To get myself blogging again, I'm going to start posting a
Question of the Week. I'll provide my own answer to the question and
invite my readers to comment with their answers as well. So here is the
first installment:
How
would you like to start your morning?
Interesting question! As with many things in life, my fantasy and
my reality don’t exactly match up where mornings are concerned. In a dream world, my mornings would start
like this:
I'd
have gone to bed and woken up at the same times consistently enough that I'd
wake up to the morning light at 7:30 am on my own (no alarms and no children
pestering me yet). I would have half an hour to check the headlines on my
phone (local papers and Facebook) and write about any dreams in my journal.
Then I'd throw on some slippers and pad out to the kitchen where I would
start some water heating for tea and pop a bagel in the toaster. I would enjoy my tea and bagel in solitude while
looking over the calendar and planning out the day. A nice hot shower
would follow, and I would emerge dressed and ready for the day to find my two
boys also dressed, fed, and ready for the day.

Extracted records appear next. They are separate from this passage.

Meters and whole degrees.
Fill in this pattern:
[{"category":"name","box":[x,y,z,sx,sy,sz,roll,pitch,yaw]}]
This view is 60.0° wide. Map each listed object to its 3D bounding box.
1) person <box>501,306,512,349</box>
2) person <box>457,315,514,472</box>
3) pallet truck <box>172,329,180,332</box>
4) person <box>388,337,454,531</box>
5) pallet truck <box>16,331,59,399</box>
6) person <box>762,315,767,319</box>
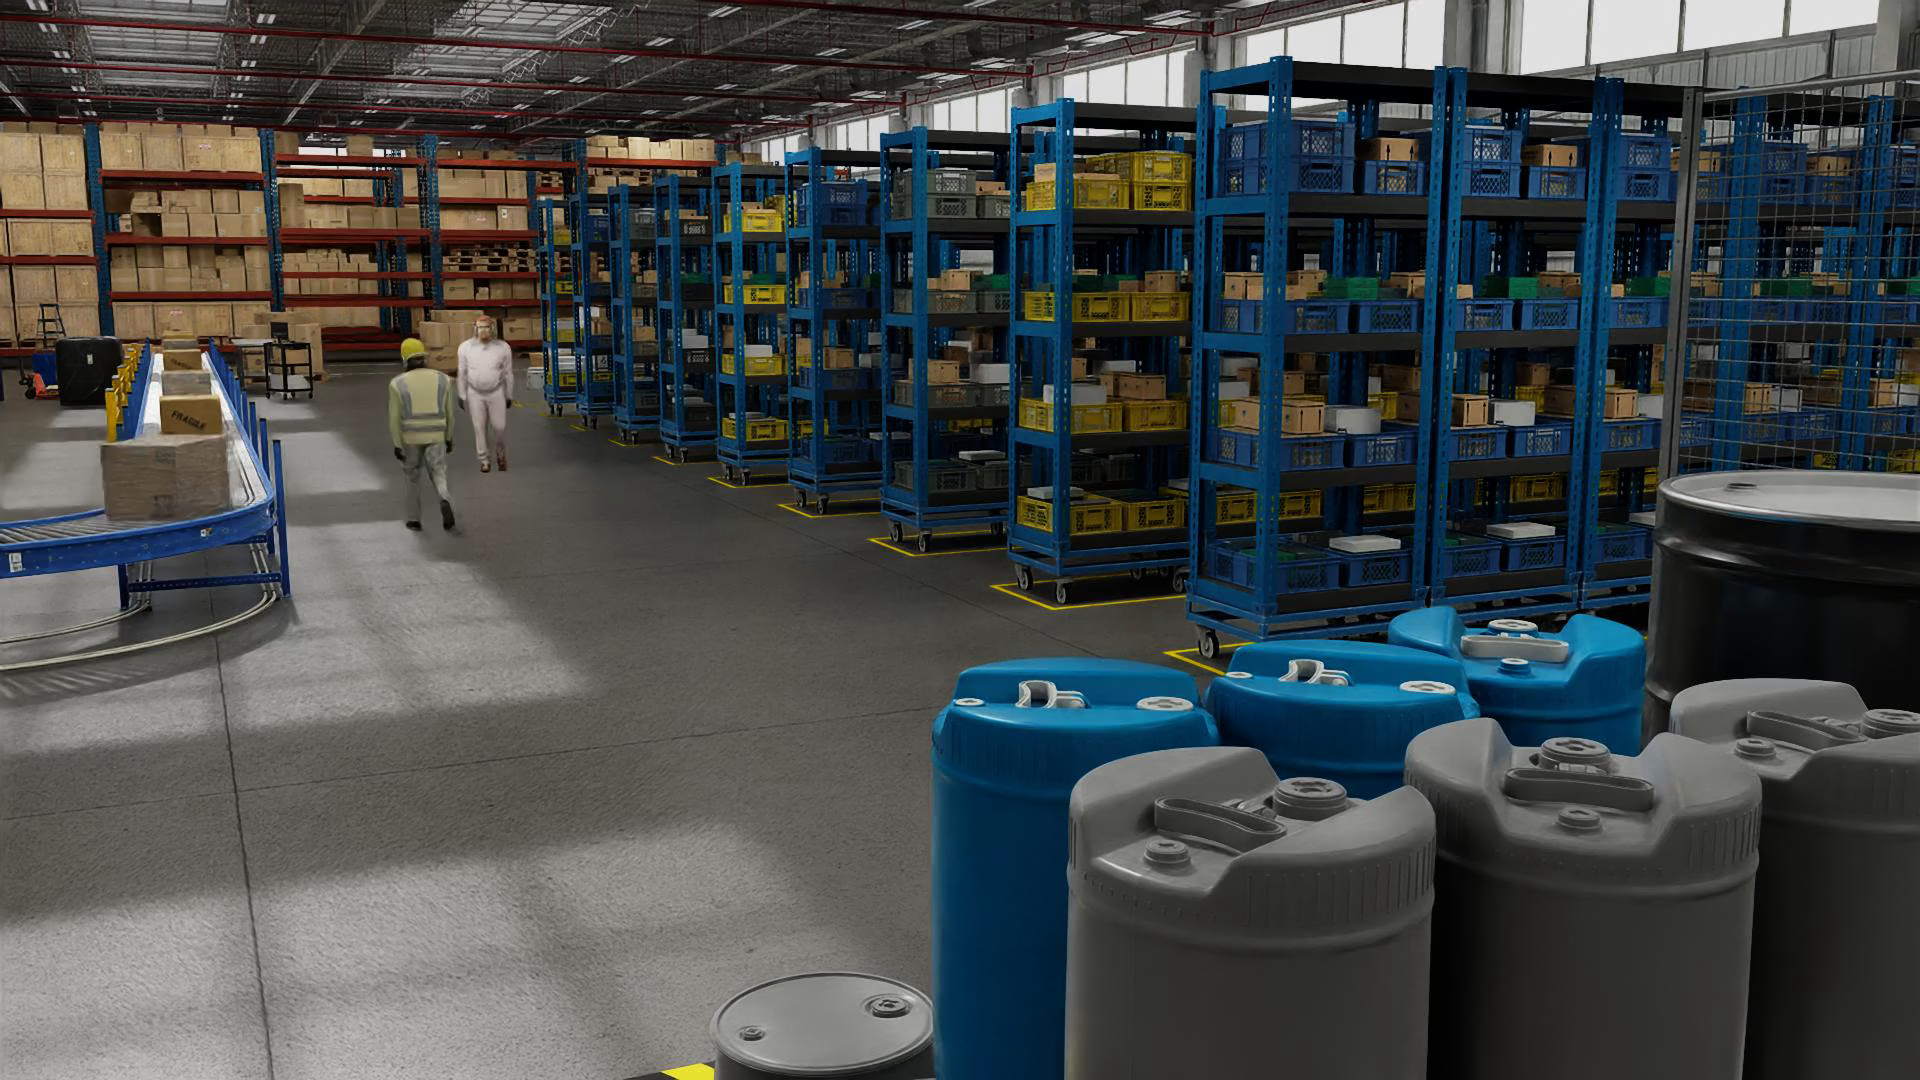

Reality looks more like this:
My
oldest son wakes up around 6:50 am and starts an audiobook on a volume that
could wake the dead, which, unsurprisingly, succeeds at waking up his younger
brother. The toddler then starts kicking me (literally, kicking me) to
get out of bed at 7:30. He is generally not tired enough to coax back to
sleep but too tired to not be grumpy, or even walk to the kitchen himself, or
so he claims. After dragging myself away from my kicking, grumbling,
grabby-hands toddler to get out of bed, I shuffle down the hall to start some
tea. Both boys start in asking to have cookies for breakfast, or at least
a fresh batch of pancakes. Because pancakes (made with almond flour) have
more nutritional value than cookies, I compromise on pancakes with a side of
eggs. The boys fight over toys while I destroy the kitchen, spilling
pancake batter everywhere and burning myself on the griddle. After the
pancakes are devoured and the eggs are pushed around the plate for 15 minutes,
I give up trying to give them a healthy start to the day, eat the leftovers,
and head for the bedroom to get dressed. My shower is interrupted by two
new arguments over how to play racing games and whether the monsters they are
hunting are zombies or mummies, as well as a phone call from a solicitor that
my son picked up and thinks is important enough for me to electrocute myself in
the shower over. When the water runs cold, I quickly rinse my hair and
climb out to find the dog has drug my towel across the bathroom to make it his
bed. Dripping wet and cold, I dig a new towel out of the cabinet to dry off,
and find that the clothes I've laid out on the bed are now a crumpled mess
because the bed was actually a battlefield in my boys' imaginary apocalypse.
I shoo them out to dress in privacy, which gives me just enough time to
get one leg in my jeans before the dog and toddler run back into the room to
hide under my feet from the ferocious monster chasing them. I trip and
land on the dog, while the toddler yells at me for not being a strong enough fort
to keep him safe and the oldest boasts with a victory dance on top of the bed.
I suggest they go put their own clothes on for the day while I finish
getting myself dressed, and they run off, not to find clean clothes but to
avoid having to put on clothes at all. By the time I'm dressed and can
wrestle the kids into clothing, I'm already exhausted and ready for a nap.
Oh well.
Someday I’ll get to have those peaceful mornings I want right now. And when I do, I’ll probably spend some of
that time remembering, with a distinct and presently unimaginable fondness,
these crazy mornings I spend with my growing little boys. So despite feel
exhausted more often than not, and struggling more than I would care to, I’m
going to aim for finding joy amidst the chaos.
I’ll seek to cherish the little feet on my back, the creativity of imaginative
games, and the exultation in boyish voices when their pancakes are ready to eat
and their battles are won. And I’ll work
to join the chorus with my own voice of excitement and appreciation for the
little things in life.
So how about you? How would
you like to start your mornings? And how
closely do your dream mornings match your daily reality?